Depends on what you use to get rid of the snails. If you use a copper based product like snail be gone. You won't be able to put shrimp in the tank at all. Best to just pick them out or squish them in the tank.


----------



## Chickadee (Nov 15, 2008)

Put a leaf of lettuce in the tank and when the snails go to the lettuce just throw it out. You may have to repeat this a few times but eventually they will all be gone. this method is a no chemical way to do it and will not hurt your fish or plants. The "Had a Snail" product not only kills the snails but is hard on your fish and will kill your plants.

The copper products are dangerous to a lot of fish as it burns them seriously and is painful to them. If you don't want to go the lettuce route, then the route that Susan recommends is the best option.

Rose


----------



## jerrym (Apr 29, 2009)

thank you to the both of you ive been putting lettuce down they have been covered for three nights now, thought about the copper stuff but didnt know much about it thought to ask before i do something stupid


----------



## Chickadee (Nov 15, 2008)

It is only safe to put inverts in the tank when you don't use the chemicals. I just woke up to the second part of the post. Sorry about that. When you do get rid of the "undesirables" without using the chemicals, the inverts will not be affected at all and you can put them in at once. But one word of caution about adding inverts in the form of shrimp with a betta if that is what you have in mind.

As long as shrimp have their shells on they will just be harrassed by Mr/Ms. Betta as shrimp is their first food. But the time will come when they will need to shed their shell to grow a new one as the old one will get too small and the day they leave the protection of their shell chances are the betta will have a larger than normal meal. You will have nothing but a shell.

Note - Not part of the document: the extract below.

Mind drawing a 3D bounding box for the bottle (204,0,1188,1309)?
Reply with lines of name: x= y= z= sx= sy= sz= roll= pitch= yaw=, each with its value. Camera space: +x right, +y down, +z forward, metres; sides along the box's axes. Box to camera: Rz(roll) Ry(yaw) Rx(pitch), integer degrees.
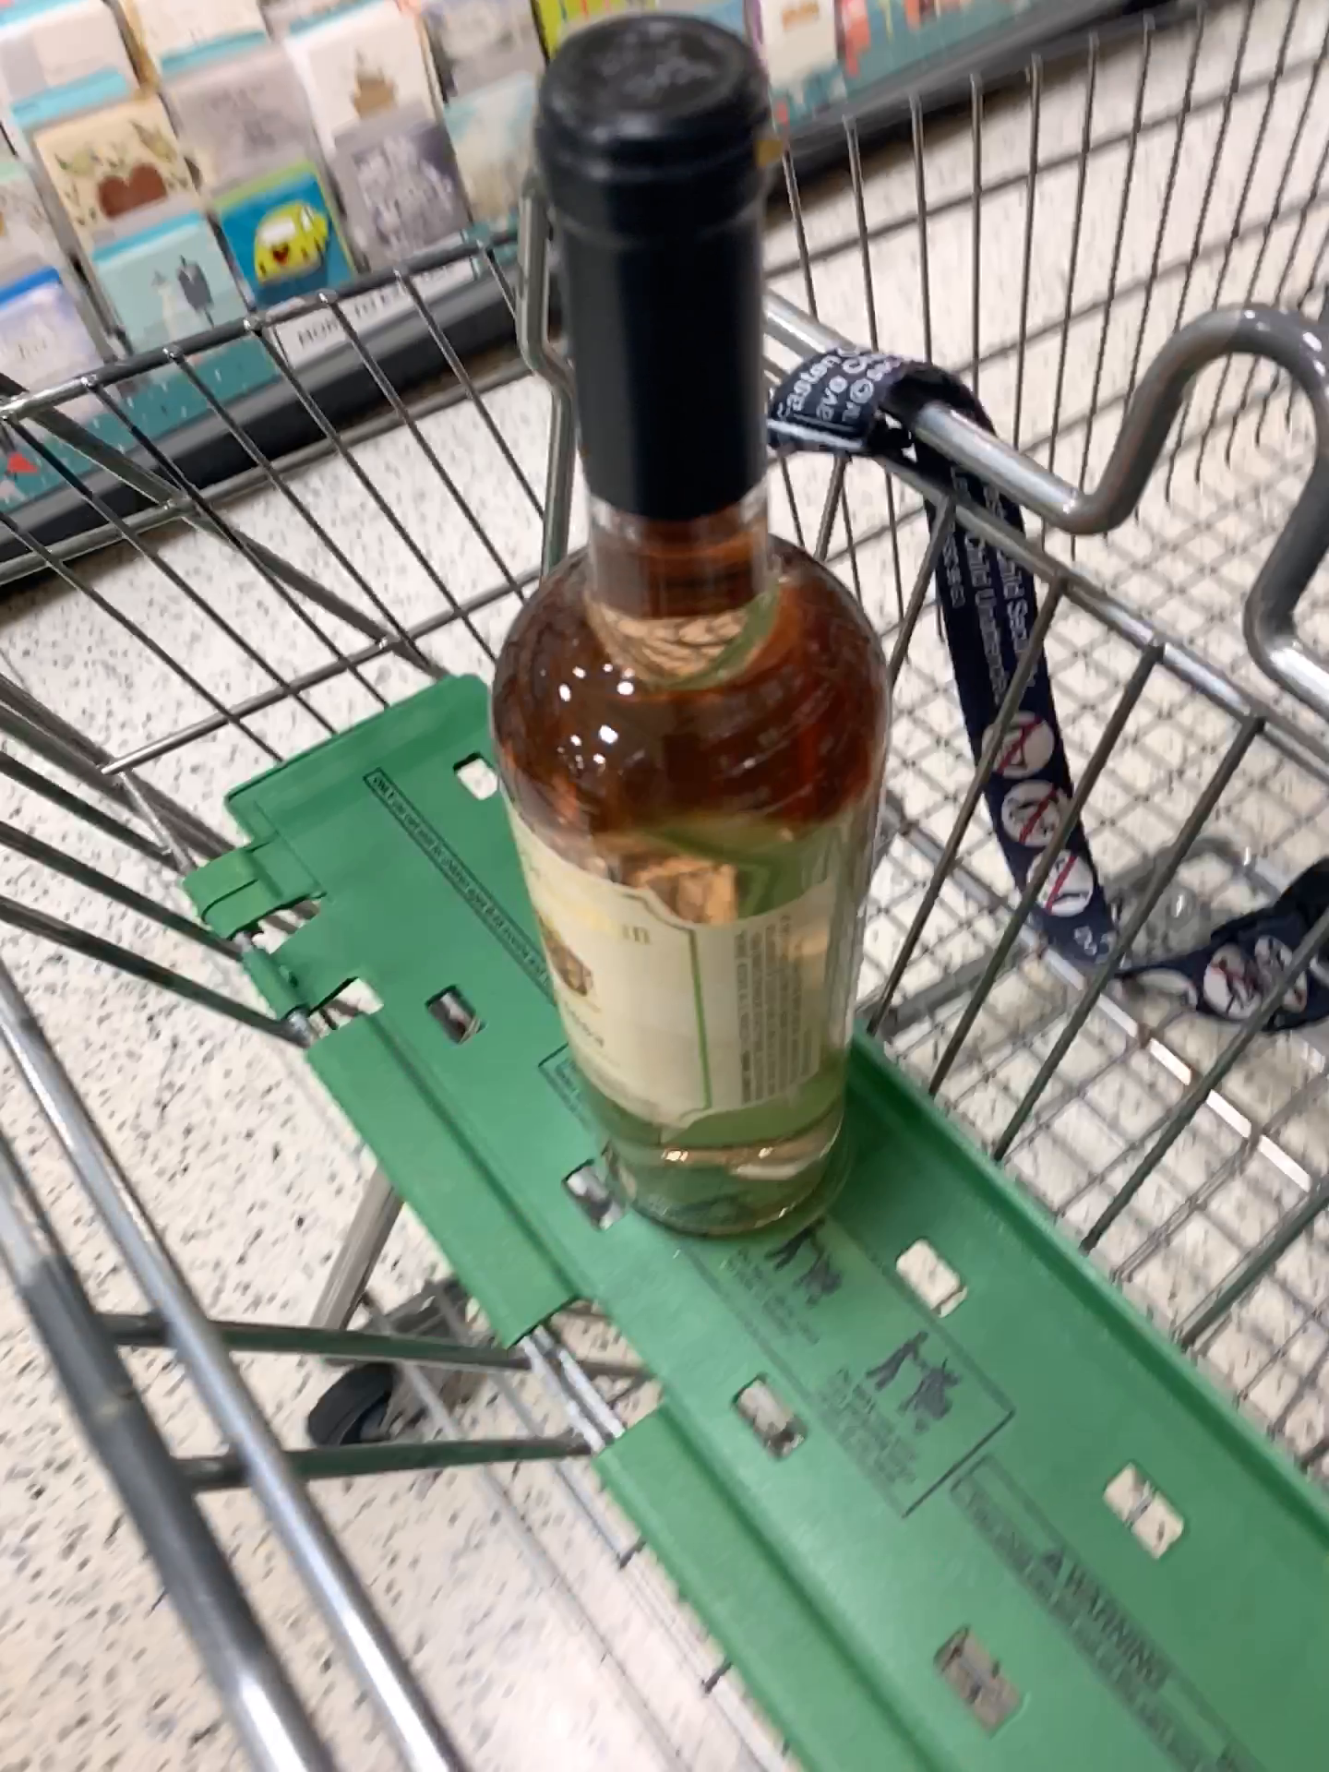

Snails do not have that problem so if people want inverts with their betta I generally suggest a Mystery Snail or Apple snail, only one though as they do not bother plants and will not reproduce if there is only one in the tank where some types can reproduce prolificly even if you only have one and the tank can be overrun.

The only other snail control method that I know of is to get a group of Yo-yo loaches but then you are not able to have any type of inverts as they are all fair game and you need a fairly good sized tank for them.

Rose


----------